Task goal :: Which lines come from the start of the listing through the line holding "Show me the"? Restate exactly those, both included, minus the pictures.

Record extracts ::
========================

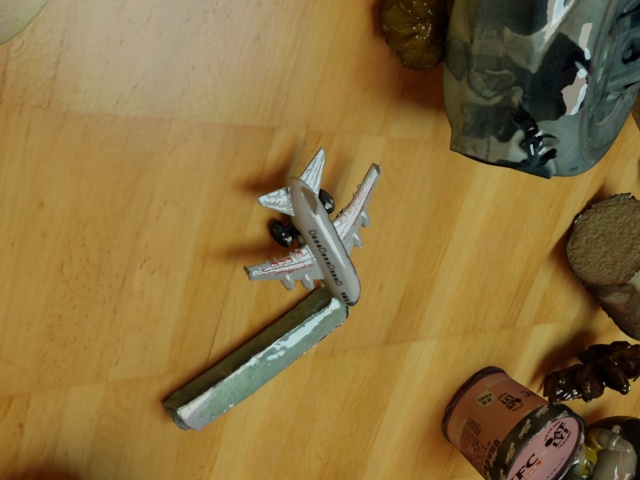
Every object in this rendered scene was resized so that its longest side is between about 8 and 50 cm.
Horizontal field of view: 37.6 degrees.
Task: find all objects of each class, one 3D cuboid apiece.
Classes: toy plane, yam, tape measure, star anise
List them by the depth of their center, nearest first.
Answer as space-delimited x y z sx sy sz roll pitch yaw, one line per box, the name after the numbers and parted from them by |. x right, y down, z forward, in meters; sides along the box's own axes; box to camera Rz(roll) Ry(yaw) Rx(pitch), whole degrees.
0.216 -0.182 0.851 0.275 0.147 0.256 -38 140 -45 | tape measure
0.000 0.000 0.881 0.162 0.065 0.171 -39 139 -17 | toy plane
0.423 0.048 1.264 0.129 0.128 0.238 -22 143 21 | yam
0.414 0.182 1.360 0.177 0.073 0.234 -25 171 34 | star anise

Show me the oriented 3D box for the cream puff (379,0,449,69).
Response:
0.091 -0.192 0.840 0.083 0.058 0.083 -27 134 -29 | cream puff

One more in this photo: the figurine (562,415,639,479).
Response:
0.437 0.356 1.462 0.257 0.167 0.192 25 103 -25 | figurine

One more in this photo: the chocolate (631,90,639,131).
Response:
0.447 -0.187 1.040 0.213 0.303 0.303 -28 139 10 | chocolate

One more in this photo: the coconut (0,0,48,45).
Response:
-0.207 -0.210 0.425 0.259 0.259 0.259 -23 131 -30 | coconut

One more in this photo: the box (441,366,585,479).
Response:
0.246 0.252 1.230 0.151 0.135 0.151 -20 128 -28 | box

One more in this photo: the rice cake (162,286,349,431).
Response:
-0.058 0.115 0.928 0.211 0.034 0.043 -35 127 -20 | rice cake
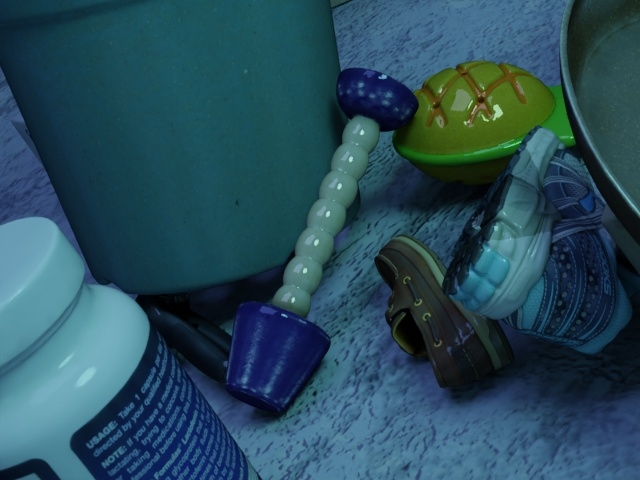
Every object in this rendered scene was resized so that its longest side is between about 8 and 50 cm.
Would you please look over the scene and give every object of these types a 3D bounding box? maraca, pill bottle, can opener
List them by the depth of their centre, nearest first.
[{"bbox_3d":[-0.149,0.124,0.843,0.153,0.265,0.153,-23,29,13],"label":"pill bottle"},{"bbox_3d":[0.149,-0.100,1.102,0.185,0.099,0.127,-5,35,23],"label":"maraca"},{"bbox_3d":[-0.104,0.084,1.105,0.059,0.073,0.186,-1,12,-37],"label":"can opener"}]

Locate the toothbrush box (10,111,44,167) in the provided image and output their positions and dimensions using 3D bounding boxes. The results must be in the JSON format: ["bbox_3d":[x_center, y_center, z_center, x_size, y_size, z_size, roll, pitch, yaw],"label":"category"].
[{"bbox_3d":[-0.176,-0.143,1.459,0.206,0.122,0.283,-45,32,-25],"label":"toothbrush box"}]

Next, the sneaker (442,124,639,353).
[{"bbox_3d":[0.162,0.009,0.925,0.110,0.122,0.283,-58,-2,22],"label":"sneaker"}]

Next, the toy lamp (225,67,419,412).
[{"bbox_3d":[0.000,0.000,1.032,0.080,0.080,0.275,5,66,48],"label":"toy lamp"}]

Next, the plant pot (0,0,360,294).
[{"bbox_3d":[-0.122,-0.153,1.143,0.341,0.334,0.341,-14,19,5],"label":"plant pot"}]

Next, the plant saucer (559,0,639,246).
[{"bbox_3d":[0.268,-0.049,0.767,0.310,0.310,0.050,-60,0,-43],"label":"plant saucer"}]

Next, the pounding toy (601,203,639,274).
[{"bbox_3d":[0.258,-0.005,0.826,0.100,0.130,0.141,-23,27,41],"label":"pounding toy"}]

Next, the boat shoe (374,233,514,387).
[{"bbox_3d":[0.074,0.049,0.964,0.060,0.064,0.178,-32,30,-6],"label":"boat shoe"}]

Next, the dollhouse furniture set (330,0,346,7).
[{"bbox_3d":[-0.071,-0.438,1.538,0.362,0.394,0.256,-20,22,20],"label":"dollhouse furniture set"}]
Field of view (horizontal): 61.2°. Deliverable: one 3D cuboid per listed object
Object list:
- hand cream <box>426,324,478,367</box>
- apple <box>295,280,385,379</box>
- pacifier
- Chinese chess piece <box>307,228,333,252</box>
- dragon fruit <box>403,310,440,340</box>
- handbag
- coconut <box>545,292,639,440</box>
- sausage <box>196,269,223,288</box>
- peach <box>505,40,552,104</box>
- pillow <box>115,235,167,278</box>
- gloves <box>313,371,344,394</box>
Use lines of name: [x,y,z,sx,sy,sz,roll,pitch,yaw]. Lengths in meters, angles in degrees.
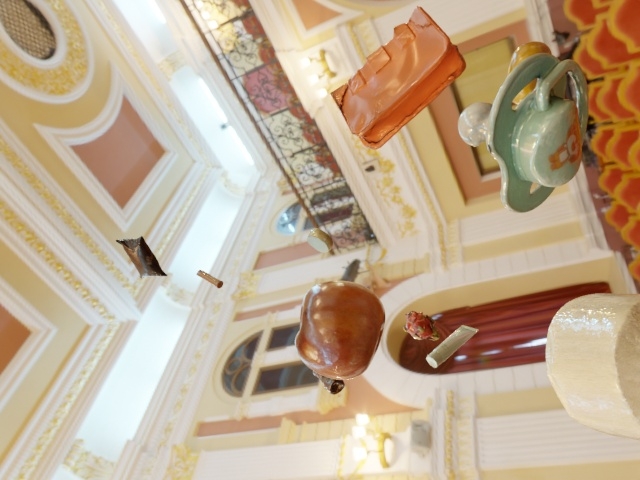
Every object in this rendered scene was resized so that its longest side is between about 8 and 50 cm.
hand cream: [0.446,0.354,1.839,0.205,0.078,0.050,-34,-71,-25]
apple: [0.043,0.223,1.381,0.253,0.253,0.253,44,-142,-49]
pacifier: [0.414,-0.237,1.138,0.288,0.269,0.343,-41,-47,-15]
Chinese chess piece: [0.000,0.000,1.663,0.034,0.084,0.084,-53,-50,-25]
dragon fruit: [0.308,0.261,1.628,0.116,0.086,0.081,34,-100,-25]
handbag: [0.238,-0.511,1.732,0.116,0.410,0.303,29,-151,-41]
coconut: [0.502,0.205,0.903,0.237,0.266,0.237,2,-94,-23]
sausage: [-0.333,0.113,1.616,0.026,0.116,0.026,-23,-57,-41]
peach: [0.593,-0.472,1.534,0.179,0.103,0.179,-31,-50,-45]
pillow: [-0.502,0.048,1.521,0.048,0.090,0.150,-52,-46,-38]
gloves: [0.037,0.536,2.289,0.119,0.142,0.285,57,178,-18]
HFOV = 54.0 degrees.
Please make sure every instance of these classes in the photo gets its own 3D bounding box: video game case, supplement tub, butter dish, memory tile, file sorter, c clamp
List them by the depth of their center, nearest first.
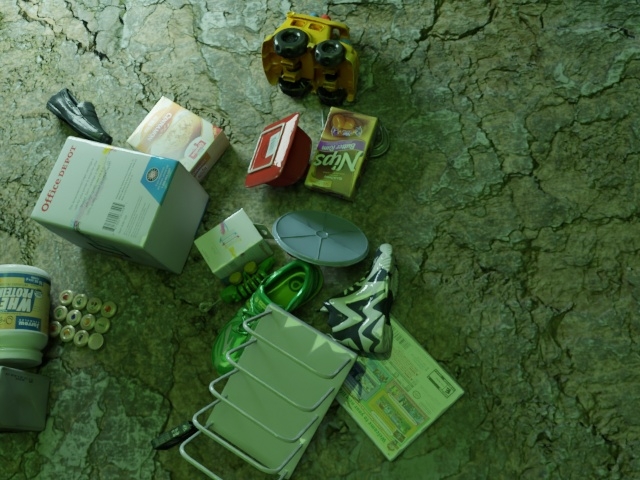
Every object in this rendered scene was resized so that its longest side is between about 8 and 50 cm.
[{"bbox_3d":[-0.097,0.288,1.114,0.193,0.173,0.277,30,101,12],"label":"file sorter"},{"bbox_3d":[0.134,0.278,1.212,0.193,0.023,0.212,-41,69,-6],"label":"video game case"},{"bbox_3d":[-0.655,0.164,1.336,0.145,0.144,0.199,-10,69,7],"label":"supplement tub"},{"bbox_3d":[-0.072,-0.177,1.373,0.160,0.118,0.160,-10,59,55],"label":"butter dish"},{"bbox_3d":[-0.526,0.174,1.380,0.148,0.012,0.113,13,73,14],"label":"memory tile"},{"bbox_3d":[0.076,-0.242,1.412,0.161,0.022,0.137,-1,70,11],"label":"c clamp"}]

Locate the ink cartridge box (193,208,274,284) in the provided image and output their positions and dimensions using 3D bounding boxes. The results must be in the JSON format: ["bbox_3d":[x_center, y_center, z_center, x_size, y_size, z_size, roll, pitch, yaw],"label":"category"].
[{"bbox_3d":[-0.175,0.010,1.331,0.143,0.092,0.090,-35,67,-4],"label":"ink cartridge box"}]

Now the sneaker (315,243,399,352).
[{"bbox_3d":[0.069,0.109,1.246,0.153,0.094,0.234,-1,63,19],"label":"sneaker"}]

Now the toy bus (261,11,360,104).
[{"bbox_3d":[0.003,-0.441,1.447,0.221,0.149,0.211,17,58,14],"label":"toy bus"}]

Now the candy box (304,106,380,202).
[{"bbox_3d":[0.049,-0.187,1.368,0.109,0.053,0.186,17,84,15],"label":"candy box"}]

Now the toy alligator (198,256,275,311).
[{"bbox_3d":[-0.167,0.103,1.305,0.190,0.056,0.051,-36,38,-4],"label":"toy alligator"}]

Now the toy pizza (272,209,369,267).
[{"bbox_3d":[0.000,0.000,1.281,0.202,0.032,0.201,10,31,-6],"label":"toy pizza"}]

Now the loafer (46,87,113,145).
[{"bbox_3d":[-0.580,-0.302,1.528,0.223,0.076,0.078,36,88,24],"label":"loafer"}]

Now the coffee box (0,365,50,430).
[{"bbox_3d":[-0.739,0.334,1.279,0.298,0.168,0.118,-6,69,10],"label":"coffee box"}]

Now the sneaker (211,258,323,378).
[{"bbox_3d":[-0.118,0.142,1.255,0.109,0.123,0.295,38,82,20],"label":"sneaker"}]

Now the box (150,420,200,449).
[{"bbox_3d":[-0.281,0.382,1.229,0.083,0.067,0.018,-28,68,-1],"label":"box"}]

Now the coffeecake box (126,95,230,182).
[{"bbox_3d":[-0.329,-0.228,1.458,0.186,0.068,0.142,31,78,19],"label":"coffeecake box"}]

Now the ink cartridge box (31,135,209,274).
[{"bbox_3d":[-0.421,-0.073,1.349,0.270,0.197,0.198,14,74,15],"label":"ink cartridge box"}]
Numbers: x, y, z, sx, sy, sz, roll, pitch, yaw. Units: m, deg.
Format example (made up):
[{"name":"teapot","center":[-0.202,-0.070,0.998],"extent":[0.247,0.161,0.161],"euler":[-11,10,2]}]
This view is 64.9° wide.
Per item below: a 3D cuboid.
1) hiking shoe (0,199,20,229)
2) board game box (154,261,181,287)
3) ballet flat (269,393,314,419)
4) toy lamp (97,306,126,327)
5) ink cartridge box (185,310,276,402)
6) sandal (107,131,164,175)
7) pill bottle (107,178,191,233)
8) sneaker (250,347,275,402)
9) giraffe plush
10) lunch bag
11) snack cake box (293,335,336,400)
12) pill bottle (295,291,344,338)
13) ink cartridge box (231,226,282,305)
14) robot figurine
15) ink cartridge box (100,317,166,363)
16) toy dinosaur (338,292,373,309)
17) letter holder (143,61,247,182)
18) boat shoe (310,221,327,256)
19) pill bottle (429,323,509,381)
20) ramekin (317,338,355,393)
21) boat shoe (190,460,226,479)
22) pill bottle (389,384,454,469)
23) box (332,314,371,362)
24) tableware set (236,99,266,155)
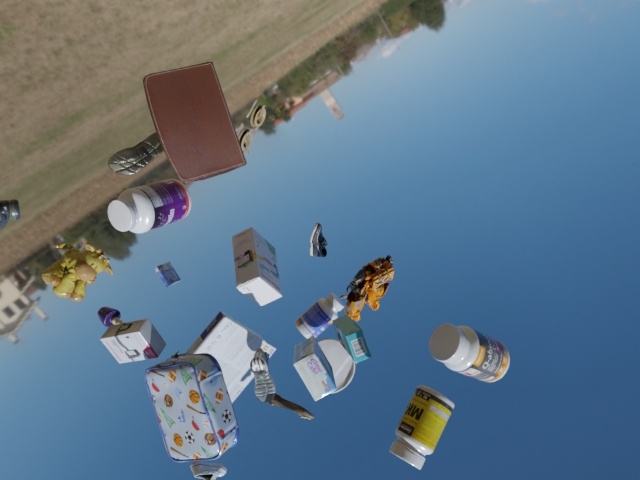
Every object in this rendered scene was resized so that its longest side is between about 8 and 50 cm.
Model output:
[{"name":"hiking shoe","center":[-1.007,-0.082,1.521],"extent":[0.227,0.086,0.114],"euler":[-16,170,36]},{"name":"board game box","center":[-0.601,0.133,1.981],"extent":[0.020,0.090,0.090],"euler":[-31,-178,18]},{"name":"ballet flat","center":[-0.142,0.775,2.326],"extent":[0.250,0.084,0.058],"euler":[19,-116,22]},{"name":"toy lamp","center":[-0.751,0.333,1.929],"extent":[0.274,0.080,0.080],"euler":[23,-129,26]},{"name":"ink cartridge box","center":[-0.404,0.505,2.144],"extent":[0.324,0.330,0.071],"euler":[-50,-142,-3]},{"name":"sandal","center":[-0.611,-0.296,1.701],"extent":[0.219,0.090,0.060],"euler":[-40,-155,-12]},{"name":"pill bottle","center":[-0.686,-0.136,2.033],"extent":[0.181,0.181,0.323],"euler":[-25,-176,32]},{"name":"sneaker","center":[-0.227,0.535,2.048],"extent":[0.086,0.229,0.132],"euler":[-5,-155,3]},{"name":"giraffe plush","center":[-0.804,0.092,1.715],"extent":[0.170,0.181,0.210],"euler":[-8,-116,28]},{"name":"lunch bag","center":[-0.371,0.464,1.424],"extent":[0.243,0.303,0.115],"euler":[-16,179,31]},{"name":"snack cake box","center":[-0.023,0.456,1.828],"extent":[0.089,0.152,0.264],"euler":[-29,-177,-1]},{"name":"pill bottle","center":[0.002,0.424,2.846],"extent":[0.272,0.152,0.152],"euler":[-42,-164,7]},{"name":"ink cartridge box","center":[-0.278,0.116,2.203],"extent":[0.117,0.201,0.278],"euler":[-25,-129,15]},{"name":"robot figurine","center":[0.188,0.176,1.884],"extent":[0.211,0.085,0.291],"euler":[-26,150,-30]},{"name":"ink cartridge box","center":[-0.555,0.300,1.492],"extent":[0.150,0.109,0.063],"euler":[-14,-151,21]},{"name":"toy dinosaur","center":[0.180,0.279,2.423],"extent":[0.092,0.183,0.053],"euler":[106,1,-67]},{"name":"letter holder","center":[-0.378,-0.323,1.444],"extent":[0.214,0.302,0.152],"euler":[-23,-170,-27]},{"name":"boat shoe","center":[0.000,0.000,1.883],"extent":[0.206,0.065,0.075],"euler":[95,14,-59]},{"name":"pill bottle","center":[0.523,0.393,1.773],"extent":[0.162,0.278,0.162],"euler":[-33,-136,40]},{"name":"ramekin","center":[0.033,0.631,2.564],"extent":[0.273,0.273,0.127],"euler":[-39,-177,-11]},{"name":"boat shoe","center":[-0.508,1.058,2.285],"extent":[0.083,0.226,0.076],"euler":[-34,-132,15]},{"name":"pill bottle","center":[0.289,0.535,1.447],"extent":[0.208,0.119,0.119],"euler":[-59,-156,-17]},{"name":"box","center":[0.104,0.333,1.733],"extent":[0.060,0.100,0.244],"euler":[-20,-174,-8]},{"name":"tableware set","center":[-0.254,-0.421,1.901],"extent":[0.194,0.039,0.128],"euler":[-63,165,-9]}]
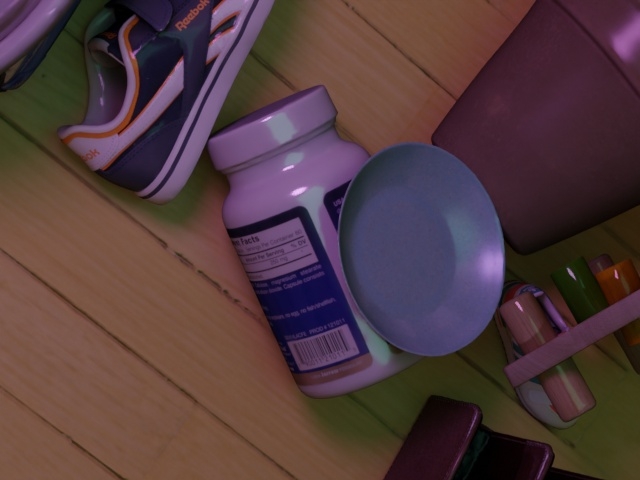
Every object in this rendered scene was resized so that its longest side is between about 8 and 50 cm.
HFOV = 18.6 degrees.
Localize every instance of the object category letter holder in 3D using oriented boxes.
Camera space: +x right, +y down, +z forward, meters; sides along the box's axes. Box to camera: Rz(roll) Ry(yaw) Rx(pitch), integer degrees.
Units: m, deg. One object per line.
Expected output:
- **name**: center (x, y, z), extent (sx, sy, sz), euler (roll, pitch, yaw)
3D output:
- **letter holder**: center (0.130, 0.318, 1.830), extent (0.152, 0.214, 0.302), euler (33, 80, -17)

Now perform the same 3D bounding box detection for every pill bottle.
- **pill bottle**: center (0.000, 0.000, 1.816), extent (0.153, 0.153, 0.265), euler (-26, 99, -18)

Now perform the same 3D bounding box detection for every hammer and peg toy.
- **hammer and peg toy**: center (0.348, 0.031, 1.847), extent (0.361, 0.266, 0.127), euler (-20, 78, -56)

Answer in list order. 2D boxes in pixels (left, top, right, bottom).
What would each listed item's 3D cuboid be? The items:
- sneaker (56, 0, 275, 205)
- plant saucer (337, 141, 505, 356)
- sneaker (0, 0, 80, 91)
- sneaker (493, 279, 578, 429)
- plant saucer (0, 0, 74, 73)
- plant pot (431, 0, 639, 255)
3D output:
- **sneaker**: center (-0.130, -0.201, 1.783), extent (0.127, 0.126, 0.321), euler (26, 83, -24)
- **plant saucer**: center (0.083, 0.009, 1.756), extent (0.195, 0.037, 0.195), euler (7, 78, -37)
- **sneaker**: center (-0.202, -0.270, 1.747), extent (0.147, 0.130, 0.330), euler (22, 105, -53)
- **sneaker**: center (0.223, 0.116, 1.938), extent (0.057, 0.075, 0.161), euler (-23, 98, -18)
- **plant saucer**: center (-0.340, -0.299, 1.661), extent (0.400, 0.100, 0.400), euler (-2, 82, 17)
- **plant pot**: center (0.235, -0.113, 1.872), extent (0.229, 0.263, 0.263), euler (-37, 103, 3)
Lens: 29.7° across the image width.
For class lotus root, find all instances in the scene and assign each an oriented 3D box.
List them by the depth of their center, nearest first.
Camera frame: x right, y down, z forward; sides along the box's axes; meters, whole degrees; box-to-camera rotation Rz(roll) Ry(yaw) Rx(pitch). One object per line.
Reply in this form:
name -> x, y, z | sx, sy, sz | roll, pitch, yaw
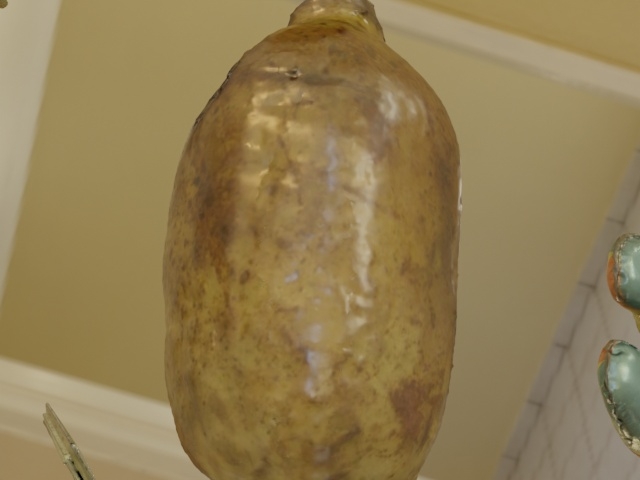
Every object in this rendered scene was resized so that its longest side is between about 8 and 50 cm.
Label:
lotus root -> 0.000, 0.000, 0.538 | 0.145, 0.129, 0.260 | 54, -141, -65

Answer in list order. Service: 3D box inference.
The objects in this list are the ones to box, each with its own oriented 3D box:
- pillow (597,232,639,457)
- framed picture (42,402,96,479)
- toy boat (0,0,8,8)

========================

Solution to the problem ::
Every object in this rendered scene was resized so that its longest side is between about 8 and 50 cm.
Horizontal field of view: 37.6 degrees.
Task: find all objects of each class, one 3D cuboid apiece.
Classes: toy plane, yam, tape measure, star anise
List them by the depth of their center, nearest first.
Answer as space-delimited x y z sx sy sz roll pitch yaw, one line per box, the name after the numbers and parted from them by |. x right, y down, z forward, in meters; sides along the box's own axes; box to camera Rz(roll) Ry(yaw) Rx(pitch), whole degrees.
0.216 -0.182 0.851 0.275 0.147 0.256 -38 140 -45 | tape measure
0.000 0.000 0.881 0.162 0.065 0.171 -39 139 -17 | toy plane
0.423 0.048 1.264 0.129 0.128 0.238 -22 143 21 | yam
0.414 0.182 1.360 0.177 0.073 0.234 -25 171 34 | star anise

Show me the oriented 3D box for the cream puff (379,0,449,69).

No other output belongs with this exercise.